According to Napoleon III, the French military were going to "restore order" in Syria,
then an Ottoman province.
Regarded today as the first example of "the right to intervene on humanitarian grounds",
the military intervention actually served to increase France’s economic stranglehold in the region.
 
A humanitarian intervention in Syria? Humanitarian grounds had already been used in 1860 ... precisely by France as a pretext to intervene militarily in Syria, then an Ottoman province. In this article, Geneva University scholar Pascal Herren lays bare the true intentions of France under Napoleon III, which were every bit as disreputable as those pursued under Sarkozy or Hollande. He also brings to light the dire consequences that befell the peoples of the region.

A humanitarian intervention in Syria is recurrently demanded; it should put an end to the suffering which the population has been exposed to since 2011 due to the struggles between the regime and the armed opposition. The main responsibility for these fights is attributed – rightly or wrongly – to the government.

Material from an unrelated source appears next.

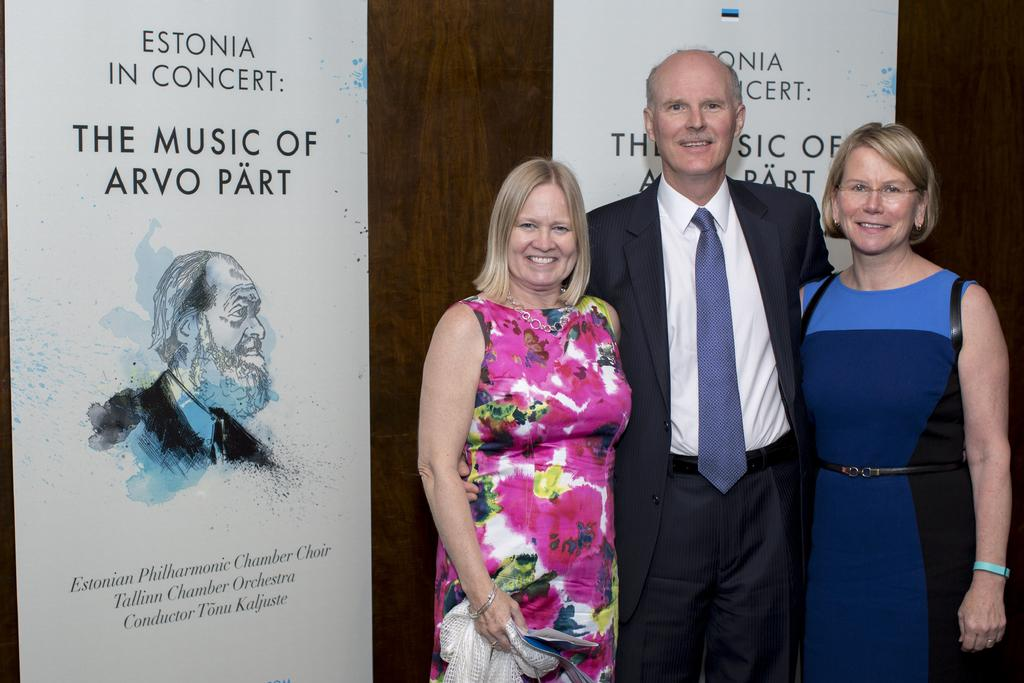Who is the main subject in the image? There is a man in the middle of the image. Are there any other people in the image? Yes, there are two women on either side of the man. What can be seen in the background of the image? There is a wall in the background of the image. What is on the wall in the background? There are posters on the wall. How many pizzas are being served on the table in the image? There is no table or pizzas present in the image. What type of vacation destination is shown in the image? The image does not depict a vacation destination; it features a man and two women with a wall and posters in the background.

So, this relief effort would involve overthrowing the current regime. It is suspected to have indirectly started several months ago, when the insurgents were armed and also agents and foreign troops were deployed into the area. However, the use of force on the territory of a foreign country without the consent of the competent authorities contradicts the principle of state sovereignty enshrined in the UN Charter. Use of force between states is prohibited with the exception of the case of legitimate defense or a joint action decided by the Security Council.

The International Court of Justice has condemned the military support, which the Reagan administration gave to the insurgent Nicaraguan Contras, struggling to overthrow the Sandinista government in 1986. The Court of Justice had even specified that such support was not suitable to secure the respect for human rights, even though Washington accused the regime of having committed atrocities.

These legal obstacles have not prevented a unilateral practice from developing, officially reasoned with altruistic motives, as for example the bombing of former Yugoslavia during the Kosovo crisis in 1999, or the invasion of Iraq in 2003. The most recent example in this series represents the action in Libya in 2011, where some States have admitted that it went far beyond the means the Security Council’s resolution of 1973 had admitted.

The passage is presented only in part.